=== EXCERPTED DATA ===

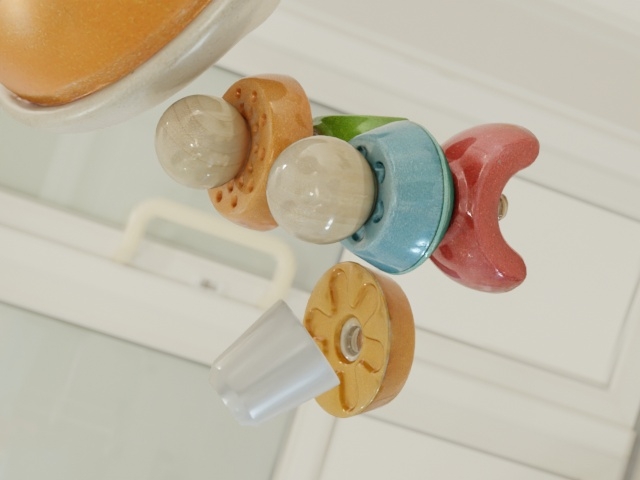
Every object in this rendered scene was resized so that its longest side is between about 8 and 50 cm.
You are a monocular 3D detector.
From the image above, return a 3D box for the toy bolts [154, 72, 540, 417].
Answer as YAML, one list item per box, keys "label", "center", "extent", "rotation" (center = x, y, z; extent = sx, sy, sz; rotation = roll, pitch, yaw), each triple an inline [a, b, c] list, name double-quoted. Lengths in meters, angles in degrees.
- label: "toy bolts"
  center: [0.000, 0.000, 0.888]
  extent: [0.228, 0.158, 0.218]
  rotation: [-3, 83, 57]

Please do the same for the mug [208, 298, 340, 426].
- label: "mug"
  center: [-0.031, 0.079, 0.885]
  extent: [0.064, 0.062, 0.078]
  rotation: [-36, -9, -6]

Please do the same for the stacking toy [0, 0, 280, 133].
- label: "stacking toy"
  center: [-0.237, -0.323, 0.915]
  extent: [0.350, 0.480, 0.350]
  rotation: [-30, 41, 29]
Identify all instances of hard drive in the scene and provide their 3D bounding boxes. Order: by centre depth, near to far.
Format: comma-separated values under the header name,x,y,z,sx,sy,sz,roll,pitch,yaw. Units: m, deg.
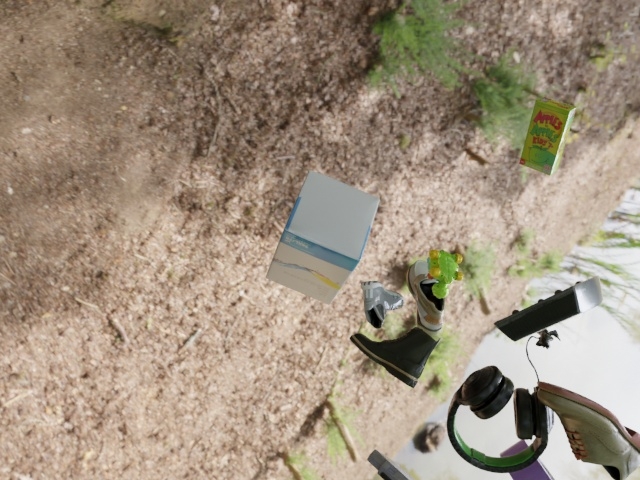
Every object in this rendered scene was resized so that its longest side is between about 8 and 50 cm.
name,x,y,z,sx,sy,sz,roll,pitch,yaw
hard drive,0.439,0.126,1.072,0.254,0.172,0.054,-2,63,-56

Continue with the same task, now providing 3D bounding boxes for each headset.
name,x,y,z,sx,sy,sz,roll,pitch,yaw
headset,0.475,0.392,1.439,0.185,0.243,0.394,-46,159,-69

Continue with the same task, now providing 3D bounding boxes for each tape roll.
name,x,y,z,sx,sy,sz,roll,pitch,yaw
tape roll,0.631,0.709,1.629,0.090,0.275,0.275,-36,132,6

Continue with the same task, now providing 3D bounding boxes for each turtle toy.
name,x,y,z,sx,sy,sz,roll,pitch,yaw
turtle toy,0.314,0.084,1.479,0.095,0.066,0.130,11,66,-19

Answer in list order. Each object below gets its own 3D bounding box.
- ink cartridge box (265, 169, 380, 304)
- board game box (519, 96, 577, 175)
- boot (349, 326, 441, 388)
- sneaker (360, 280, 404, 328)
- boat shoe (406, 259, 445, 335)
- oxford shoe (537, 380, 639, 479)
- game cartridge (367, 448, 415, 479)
name,x,y,z,sx,sy,sz,roll,pitch,yaw
ink cartridge box,0.000,0.000,1.478,0.270,0.197,0.198,117,-5,-57
board game box,0.587,-0.270,1.487,0.043,0.092,0.181,-30,137,-36
boot,0.183,0.248,1.396,0.137,0.198,0.077,-56,154,-4
sneaker,0.191,0.218,1.791,0.228,0.086,0.132,30,56,-48
boat shoe,0.350,0.159,1.829,0.113,0.302,0.103,9,129,-10
oxford shoe,0.620,0.446,1.320,0.348,0.123,0.130,35,83,-13
game cartridge,0.314,0.812,1.799,0.068,0.355,0.230,-53,141,-6
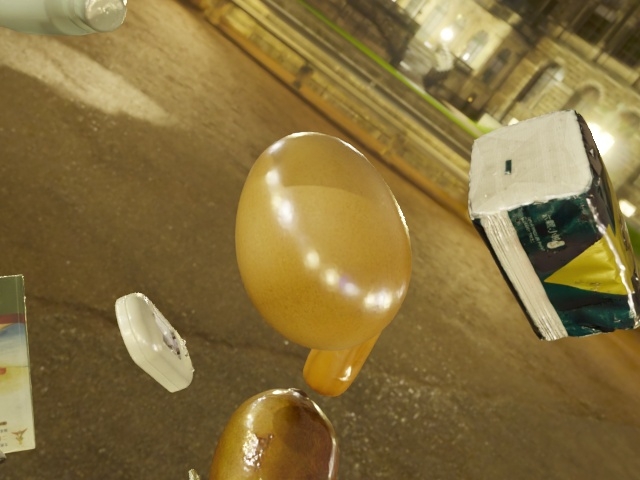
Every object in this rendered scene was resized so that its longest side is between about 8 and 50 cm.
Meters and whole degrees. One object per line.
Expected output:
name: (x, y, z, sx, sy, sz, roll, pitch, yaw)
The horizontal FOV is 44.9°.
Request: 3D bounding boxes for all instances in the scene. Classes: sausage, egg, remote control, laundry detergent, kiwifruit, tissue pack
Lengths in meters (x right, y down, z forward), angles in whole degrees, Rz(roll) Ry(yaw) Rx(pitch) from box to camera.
sausage: (0.071, 0.174, 1.597, 0.112, 0.328, 0.112, 25, 18, -9)
egg: (0.000, 0.000, 1.128, 0.250, 0.250, 0.322, -4, 76, -68)
remote control: (-0.186, 0.120, 0.893, 0.221, 0.042, 0.078, 79, -11, -68)
laundry detergent: (-0.432, -0.412, 1.263, 0.398, 0.264, 0.124, 42, -25, 46)
kiwifruit: (-0.067, 0.337, 1.162, 0.196, 0.233, 0.196, 14, -10, 3)
tissue pack: (0.484, -0.015, 1.584, 0.416, 0.254, 0.264, 56, 32, -36)

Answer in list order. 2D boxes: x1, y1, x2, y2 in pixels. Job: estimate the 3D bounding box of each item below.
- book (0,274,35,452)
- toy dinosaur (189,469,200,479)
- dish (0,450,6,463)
book: (-0.539, 0.187, 1.155, 0.202, 0.026, 0.289, -5, 62, -22)
toy dinosaur: (-0.197, 0.310, 0.823, 0.058, 0.180, 0.037, 38, -28, -3)
dish: (-0.443, 0.182, 0.668, 0.316, 0.317, 0.106, 7, 65, -63)

===

▸ **PROBLEM DETAILS**
Give only the lines from the one holding "each turtle toy." through the one holding "- oxford shoe (537, 380, 639, 479)", each restated exactly as it appears above.

▸ **TASK SOLUTION**
Continue with the same task, now providing 3D bounding boxes for each turtle toy.
name,x,y,z,sx,sy,sz,roll,pitch,yaw
turtle toy,0.314,0.084,1.479,0.095,0.066,0.130,11,66,-19

Answer in list order. Each object below gets its own 3D bounding box.
- ink cartridge box (265, 169, 380, 304)
- board game box (519, 96, 577, 175)
- boot (349, 326, 441, 388)
- sneaker (360, 280, 404, 328)
- boat shoe (406, 259, 445, 335)
- oxford shoe (537, 380, 639, 479)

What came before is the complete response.